Sala 426
La postura antifranquista de Eduardo Arroyo le obliga a exiliarse en Francia entre 1958 y 1976, momento en el que, recuperadas las libertades democráticas, decide regresar a España. Su obra, tanto durante los años de exilio como posteriormente, está marcada por una búsqueda identitaria en torno a lo que se consideraba como «lo español», idea que le sirve para ubicarse de forma crítica en una genealogía histórica. Arroyo se inscribe en el regreso de una figuración pictórica caracterizada por representar, desde la ironía, circunstancias políticas y culturales.
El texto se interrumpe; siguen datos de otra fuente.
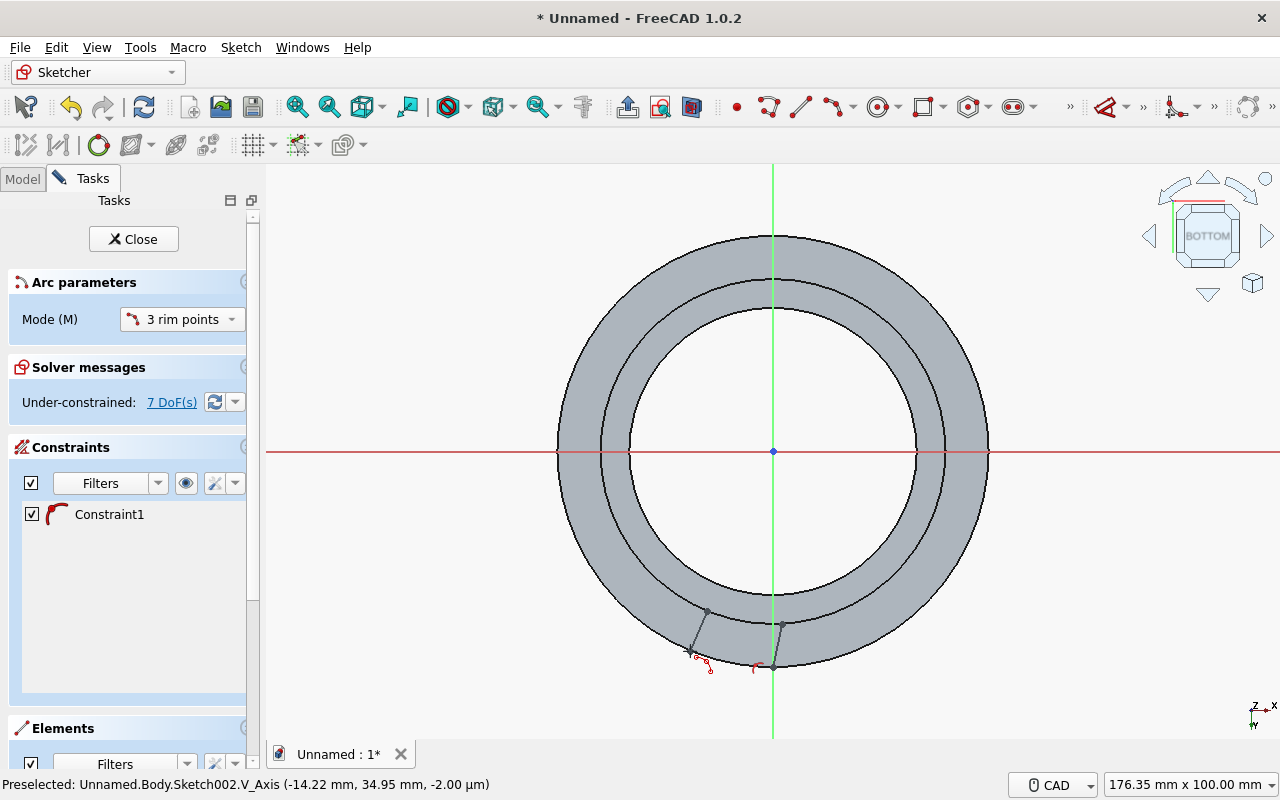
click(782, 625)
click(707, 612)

En la década de los sesenta, Arroyo trabaja en varias series comprometidas con la oposición al régimen franquista. En ese sentido, es sintomática la exposición 25 ans de paix, realizada en 1965 como contraposición a la campaña del mismo nombre que se había celebrado solo un año antes y con la que el régimen buscaba legitimarse, nacional e internacionalmente, como garante de la paz, la estabilidad y el progreso. La serie de Arroyo se presentó en una exposición en la galería André Schoeller, para cuyo catálogo-folleto se contó con el también exiliado Jorge Semprún, superviviente de Buchenwald y dirigente del Partido Comunista Español en Francia durante los años sesenta. Semprún, con quien Arroyo entabló en París una amistad de por vida, escribió el texto introductorio a la exposición, en el que tachaba de «mito oficial» estos supuestos 25 años de paz y daba cuenta del impacto que tuvo el proyecto publicitario franquista para el exilio español. El escritor analizaba la crítica que Arroyo estructuraba en relación a los mitos de la cultura española y vinculaba esta táctica con la recuperación de la historia, tan importante para el exilio. Sin embargo, como reconocía Semprún en su texto, esta estrategia de recuperación histórica no formaba parte de la construcción de la España contemporánea.
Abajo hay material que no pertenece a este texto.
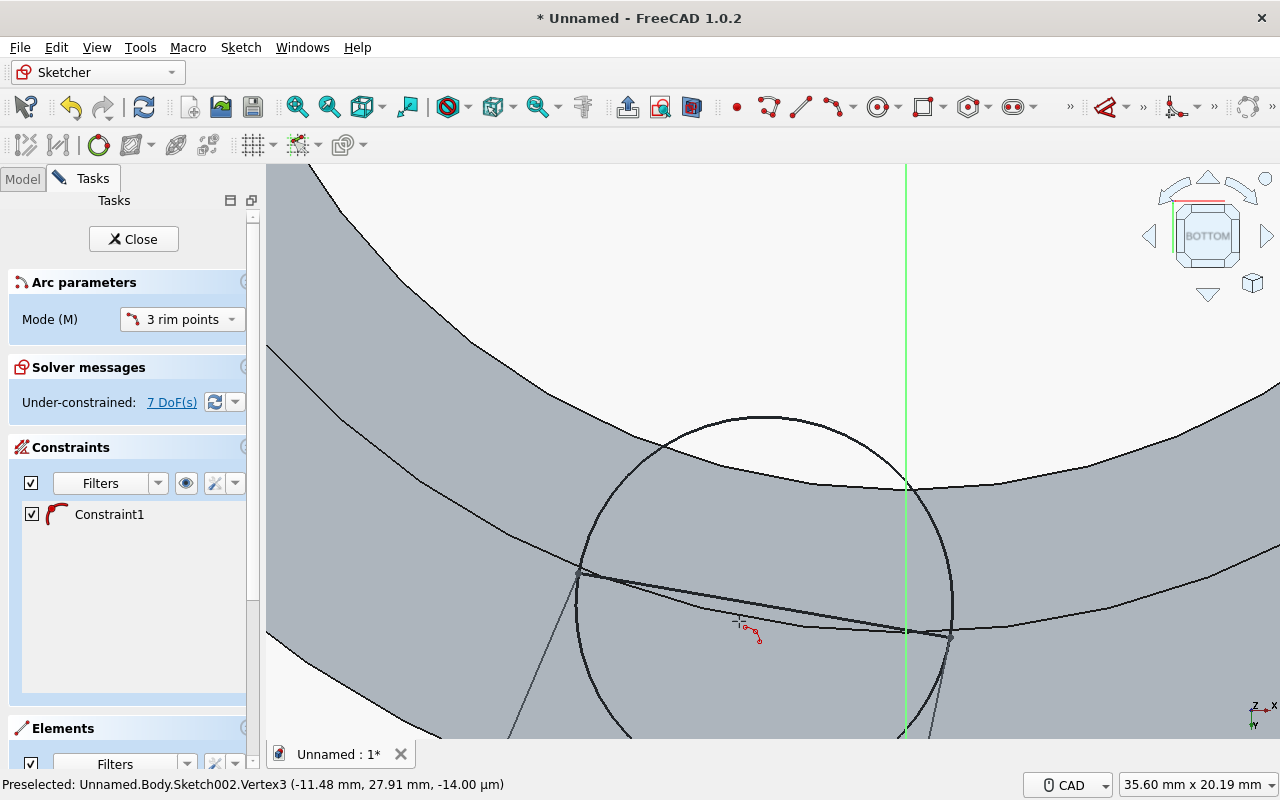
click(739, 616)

Precisamente, es en este sentido que la obra de Arroyo adquiere su importancia. Su pintura irreverente y su lucidez se levantan como contraposición a la España complaciente del desarrollismo y nos sitúan en el contexto de un nuevo tipo de figuración crítica que narra las transformaciones de lo social y lo moral producidas por la opresión, el consumo masivo y la influencia americana en España. Por otra parte, se debe tener en cuenta que, en el imaginario franquista, se había reivindicado la llamada «escuela tradicional española», invocando para sus propósitos a autores barrocos como Velázquez o El Greco. Son precisamente estas y otras figuras emblemáticas del arte español las que Arroyo retoma para sí, subvirtiendo el uso conservador que el régimen franquista había hecho de ellas.